Cotts Walking a Fine Line

METAIRIE, La. – If you had done a Google search on the phrase "What have you done for me lately" earlier in the year, Neal Cotts' name might have been one of the first to appear.

Cotts, who was acquired via trade from the Chicago White Sox last November, began the season with 10 2/3 consecutive scoreless innings over a span of 11 games across town in the Cubs bullpen.

But practically overnight, Cotts was sent to the minors for the first time since 2003, a year in which he went straight to the majors from Double-A.

This season, Cotts went straight from a zero ERA to a 4.86 mark in a span of just four games, thus resulting in the trip back to the minor leagues.

The difference between success and failure on the pitcher's mound is as fine a line as it ever has been, says Cubs Assistant General Manager Randy Bush, and Cotts has learned that lesson the hard way this season.

"The stuff is just as good as it was when he was on a World Championship team and had a (1.94) ERA. The stuff is still there," said Bush.

But "stuff" alone doesn't always equal success.

"What's happened now is he's not commanding his stuff as well," Bush said. "When you have good stuff and you're behind in the count, you throw it down the middle and it gets hit hard in the big leagues. He's trying to get back to having that command, and he will get back to that."

Cotts had never thrown a pitch in Triple-A until this year. Having established himself as one of the best setup men in the White Sox bullpen just two short years ago, he might have figured that the only time he would experience life in the minor leagues again would be on a rehab assignment.

In fairness, Cotts has been injured this season. But that has had nothing to do with his struggles, which existed well before he sustained a hamstring injury and spent a month on the shelf beginning in mid-June.

"Starting and not doing well is what affected my numbers," says Cotts, 0-1 with a 7.33 ERA in six starts with Iowa earlier this season.

Cotts said he was not upset by the Cubs' decision to send him down despite his success in the first month followed by a pair of bad outings.

"It really came down to a matter of numbers," Cotts recalled. "It might have been a little shocker, but you have to deal with it."

Cotts' goal now is to get back to the level he was once dominant at.

"That's the whole goal for all of these guys," Iowa pitching coach Mike Harkey said of Cotts. "For Neal, who's already had a lot of success at the major league level, he needs to understand ... he does understand that his fastball command is something that has to be better.

"He's worked hard to make it better, to sharpen up his breaking stuff and to become a better pitcher. It's been tough for him, but he's been as positive as any pitcher that's in the situation that he's in," Harkey added.

While Cotts made several starts earlier in the year with Iowa, the left-hander has since gone back into the bullpen after coming off the disabled list. (He was originally a starter in the White Sox and Oakland A's systems.)

Last Thursday night, the southpaw tossed a season-high 3 2/3 innings from the bullpen in Triple-A Iowa's 10-2 victory over the New Orleans Zephyrs. He scattered one run on two hits, striking out four without allowing a walk.
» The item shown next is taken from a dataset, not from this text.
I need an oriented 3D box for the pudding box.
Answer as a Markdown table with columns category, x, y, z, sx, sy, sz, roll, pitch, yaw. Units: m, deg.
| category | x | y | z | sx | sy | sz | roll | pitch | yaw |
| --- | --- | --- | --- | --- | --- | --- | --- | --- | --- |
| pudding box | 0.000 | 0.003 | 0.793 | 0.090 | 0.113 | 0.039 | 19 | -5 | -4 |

The win was Cotts' first since July 1, 2006, in a game at Wrigley Field. He said afterward that he still wasn't sure what role he may fill in the long-run, but the safe money for now is on the bullpen.
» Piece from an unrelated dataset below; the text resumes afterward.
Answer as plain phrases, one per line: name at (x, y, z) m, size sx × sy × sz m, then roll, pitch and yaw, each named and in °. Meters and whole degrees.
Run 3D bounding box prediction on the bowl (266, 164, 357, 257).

"It's hard to tell," Cotts said when asked about his role with the Cubs. "I've done both and I feel comfortable doing both. Coming out of the ‘pen now, it feels more comfortable since I've done it for the past three years."

Regardless of what role he's in, Cotts will need to show the Cubs the same kind of consistency and command that he showed for the White Sox in 2005 if he is to carry his success from that year over to the other side of town.

He may get his chance when big league rosters expand next month.

"He's got a good arm, but as with the majority of our pitchers, there are times when they have big league outings and there are times where they don't," Iowa manager Buddy Bailey said of Cotts, who has struck out 42 batters and walked 28 in 44 2/3 innings with Iowa overall this season.

Bush concurred.

"That's all it is for him – getting back to commanding his pitches and having that success to where he knows he can throw a pitch in a certain count to get guys out," he said.

For now, Cotts appears to be biding his time at Triple-A, where his numbers have been considerably stronger since returning to the bullpen.

He has a 3.38 ERA and a .189 average against in 15 relief outings. Those numbers, duplicated at the major league level, would look good in a bullpen that has at times this season been no less inconsistent than Cotts.

His teammates have enjoyed the veteran experience Cotts brings to a clubhouse that is made up of many young pitching prospects.

"He knows how to take care of his business and he shows us every day what it's like to be a professional," said Iowa reliever Clay Rapada. "He's been up there for a few years so it helps when he's working hard because it shows the rest of us how hard we need to work just to get there."